As described above, according to the present invention, a plurality of starting auxiliary electrodes provided near the outer wall surface of the valve and applied with a high-frequency voltage are provided so as to be electrostatically coupled to the internal space of the valve. An outwardly bulging convex portion is formed at a key point on the peripheral wall, and a part of each starting auxiliary electrode is arranged at a position where it is electrostatically coupled to the internal space of the convex portion. It can be reduced near the convex part, and the strong electric field generated around the starting auxiliary electrode near the convex part can act on the discharge gas inside the convex part, and the strong electric field acts on the minute space. This facilitates dielectric breakdown. As a result, there is an advantage that generation of electrons for generating a preliminary discharge is promoted, and the generation of the preliminary discharge can be facilitated. In addition, a preliminary discharge along the starting auxiliary electrode can be easily generated without generating a discharge outside the bulb. Also, after the preliminary discharge occurs, the toroidal induction electric field formed in the bulb by the application of a high-frequency current to the induction coil acts on the preliminary discharge, and can be shifted to the main discharge. It will be easier.

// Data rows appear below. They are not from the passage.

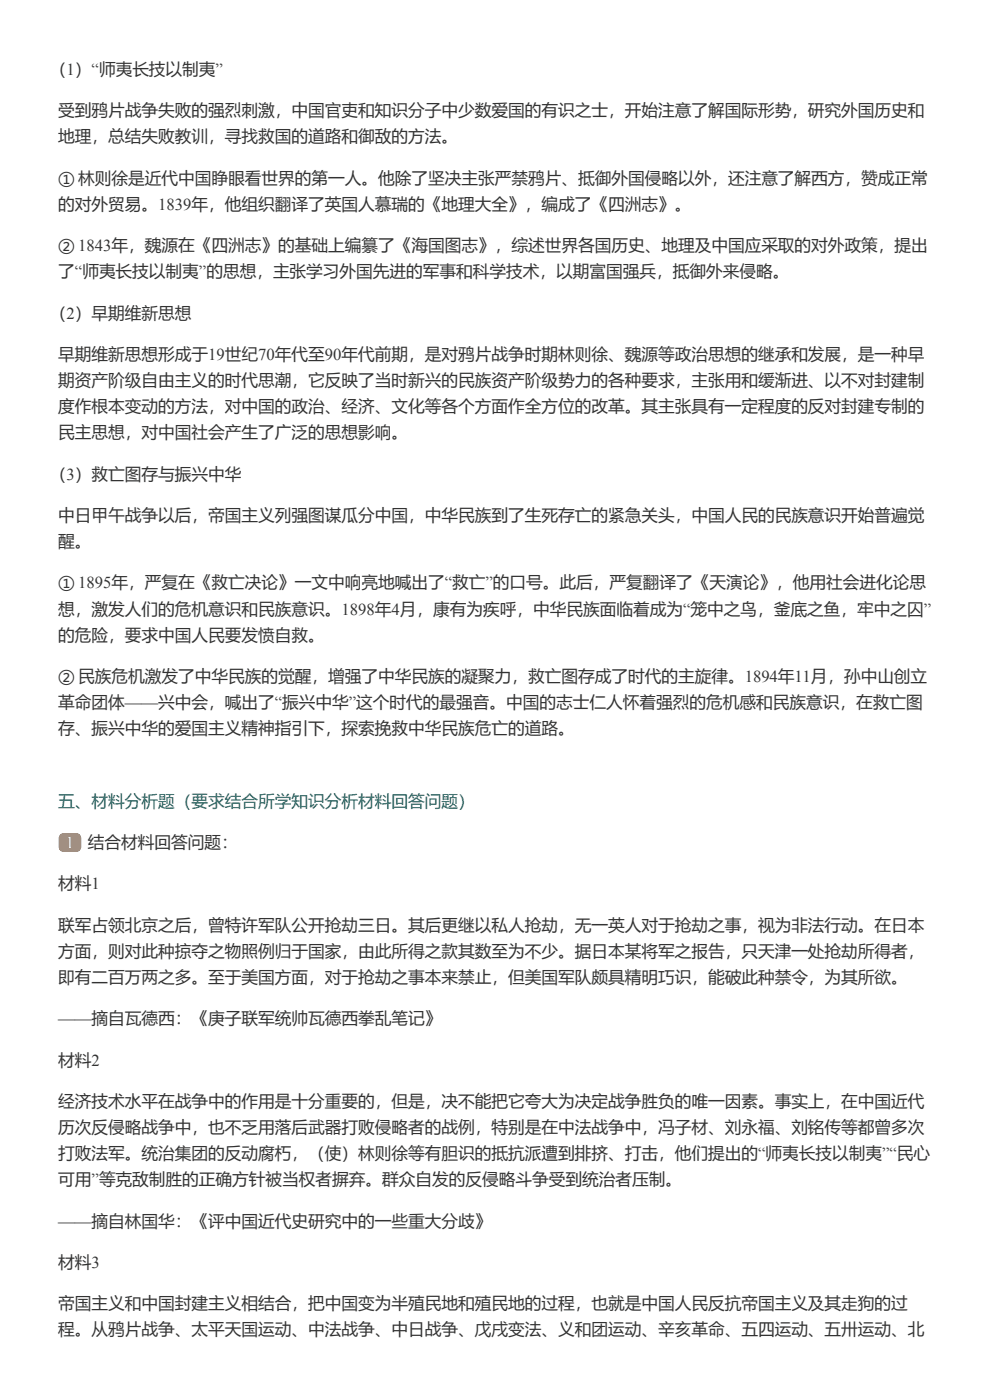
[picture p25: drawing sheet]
<svg xmlns="http://www.w3.org/2000/svg" width="210mm" height="297mm" viewBox="0 0 210 297" stroke-linecap="round" stroke-linejoin="round" font-family="sans-serif">
<defs><g id="words">
<g font-size="3.5" fill="#333">
<text x="10.6" y="15.9">（1）“师夷长技以制夷”</text>
<text x="12.3" y="24.6">受到鸦片战争失败的强烈刺激，中国官吏和知识分子中少数爱国的有识之士，开始注意了解国际形势，研究外国历史和</text>
<text x="12.3" y="30.2">地理，总结失败教训，寻找救国的道路和御敌的方法。</text>
<text x="12.3" y="38.9">① 林则徐是近代中国睁眼看世界的第一人。他除了坚决主张严禁鸦片、抵御外国侵略以外，还注意了解西方，赞成正常</text>
<text x="12.3" y="44.5">的对外贸易。1839年，他组织翻译了英国人慕瑞的《地理大全》，编成了《四洲志》。</text>
<text x="12.3" y="53.2">②</text>
<text x="16.6" y="53.2">1843年，魏源在《四洲志》的基础上编纂了《海国图志》，综述世界各国历史、地理及中国应采取的对外政策，提出</text>
<text x="12.3" y="58.8">了“师夷长技以制夷”的思想，主张学习外国先进的军事和科学技术，以期富国强兵，抵御外来侵略。</text>
<text x="10.6" y="67.5">（2）早期维新思想</text>
<text x="12.3" y="76.2">早期维新思想形成于19世纪70年代至90年代前期，是对鸦片战争时期林则徐、魏源等政治思想的继承和发展，是一种早</text>
<text x="12.3" y="81.8">期资产阶级自由主义的时代思潮，它反映了当时新兴的民族资产阶级势力的各种要求，主张用和缓渐进、以不对封建制</text>
<text x="12.3" y="87.3">度作根本变动的方法，对中国的政治、经济、文化等各个方面作全方位的改革。其主张具有一定程度的反对封建专制的</text>
<text x="12.3" y="92.9">民主思想，对中国社会产生了广泛的思想影响。</text>
<text x="10.6" y="101.6">（3）救亡图存与振兴中华</text>
<text x="12.3" y="110.4">中日甲午战争以后，帝国主义列强图谋瓜分中国，中华民族到了生死存亡的紧急关头，中国人民的民族意识开始普遍觉</text>
<text x="12.3" y="115.9">醒。</text>
<text x="12.3" y="124.7">①</text>
<text x="16.6" y="124.7">1895年，严复在《救亡决论》一文中响亮地喊出了“救亡”的口号。此后，严复翻译了《天演论》，他用社会进化论思</text>
<text x="12.3" y="130.2">想，激发人们的危机意识和民族意识。1898年4月，康有为疾呼，中华民族面临着成为“笼中之鸟，釜底之鱼，牢中之囚”</text>
<text x="12.3" y="135.8">的危险，要求中国人民要发愤自救。</text>
<text x="12.3" y="144.5">② 民族危机激发了中华民族的觉醒，增强了中华民族的凝聚力，救亡图存成了时代的主旋律。1894年11月，孙中山创立</text>
<text x="12.3" y="150.1">革命团体——兴中会，喊出了“振兴中华”这个时代的最强音。中国的志士仁人怀着强烈的危机感和民族意识，在救亡图</text>
<text x="12.3" y="155.6">存、振兴中华的爱国主义精神指引下，探索挽救中华民族危亡的道路。</text>
<text x="18.6" y="179.7">结合材料回答问题：</text>
<text x="12.3" y="188.5">材料1</text>
<text x="12.3" y="197.2">联军占领北京之后，曾特许军队公开抢劫三日。其后更继以私人抢劫，无一英人对于抢劫之事，视为非法行动。在日本</text>
<text x="12.3" y="202.8">方面，则对此种掠夺之物照例归于国家，由此所得之款其数至为不少。据日本某将军之报告，只天津一处抢劫所得者，</text>
<text x="12.3" y="208.3">即有二百万两之多。至于美国方面，对于抢劫之事本来禁止，但美国军队颇具精明巧识，能破此种禁令，为其所欲。</text>
<text x="12.3" y="217.1">——摘自瓦德西：《庚子联军统帅瓦德西拳乱笔记》</text>
<text x="12.3" y="225.8">材料2</text>
<text x="12.3" y="234.5">经济技术水平在战争中的作用是十分重要的，但是，决不能把它夸大为决定战争胜负的唯一因素。事实上，在中国近代</text>
<text x="12.3" y="240.1">历次反侵略战争中，也不乏用落后武器打败侵略者的战例，特别是在中法战争中，冯子材、刘永福、刘铭传等都曾多次</text>
<text x="12.3" y="245.6">打败法军。统治集团的反动腐朽，（使）林则徐等有胆识的抵抗派遭到排挤、打击，他们提出的“师夷长技以制夷”“民心</text>
<text x="12.3" y="251.2">可用”等克敌制胜的正确方针被当权者摒弃。群众自发的反侵略斗争受到统治者压制。</text>
<text x="12.3" y="259.9">——摘自林国华：《评中国近代史研究中的一些重大分歧》</text>
<text x="12.3" y="268.7">材料3</text>
<text x="12.3" y="277.4">帝国主义和中国封建主义相结合，把中国变为半殖民地和殖民地的过程，也就是中国人民反抗帝国主义及其走狗的过</text>
<text x="12.3" y="283">程。从鸦片战争、太平天国运动、中法战争、中日战争、戊戌变法、义和团运动、辛亥革命、五四运动、五卅运动、北</text>
</g>
<text font-size="3.5" fill="#007874" x="12.3" y="171">五、材料分析题（要求结合所学知识分析材料回答问题）</text>
<text font-size="3.5" fill="#fff" x="13.9" y="179.7">1</text>
</g></defs>
<path d="M12.7 176.9l.8-.3h2.6a1.06 1.06 0 0 1 1.1 1v1.9a1.06 1.06 0 0 1-1.1 1h-2.6a1.06 1.06 0 0 1-1.1-1l.1-2.1z" fill="#e60"/>
<use href="#words"/>
</svg>

As a result of the predischarge being more likely to occur as described above, there is an advantage that the supply energy at the time of starting is reduced, the power supply can be reduced in size, and the overall size can be reduced.

[Brief description of the drawings]

FIG. 1 is a schematic configuration diagram of an embodiment 1 excluding an induction coil.

FIG. 2 is a schematic configuration diagram of Embodiment 2 excluding an induction coil.

FIG. 3 is a schematic configuration diagram showing a conventional example.

[Explanation of symbols]

 DESCRIPTION OF SYMBOLS 1 Valve 1a Convex part 2 Induction coil 3a Starting auxiliary electrode 3b Starting auxiliary electrode 4 High frequency power supply 5 High frequency power supply

──────────────────────────────────────────────────続 き Continuing on the front page (72) Inventor Shin Shin Ogawa, Kazuma, Kazuma, Osaka 1048, Matsushita Electric Works, Ltd. References JP-A-1-95462 (JP, A) JP-A-4-56059 (JP, A) JP-B-6-97607 (JP, B2) (58) Fields investigated (Int. Cl. ⁷ , DB Name) H01J 65/04

Claims (1)

(57) [Claims] 1. A high-frequency current is supplied from a high-frequency power supply to an induction coil having a winding wound around the bulb made of a light-transmitting material, and a high-frequency electromagnetic wave is formed inside the winding in the radial direction of the induction coil. In an electrodeless discharge lamp that excites and emits a discharge gas by causing a field to act on a discharge gas sealed in a bulb, a high-frequency voltage is disposed near an outer wall surface of the bulb so as to be electrostatically coupled to an internal space of the bulb. A plurality of starting auxiliary electrodes to which is applied is provided, and a convex portion bulging outward is formed at a key point on the peripheral wall of the valve, and a part of each starting auxiliary electrode is electrostatically coupled to the internal space of the convex portion. An electrodeless discharge lamp, which is disposed at a position.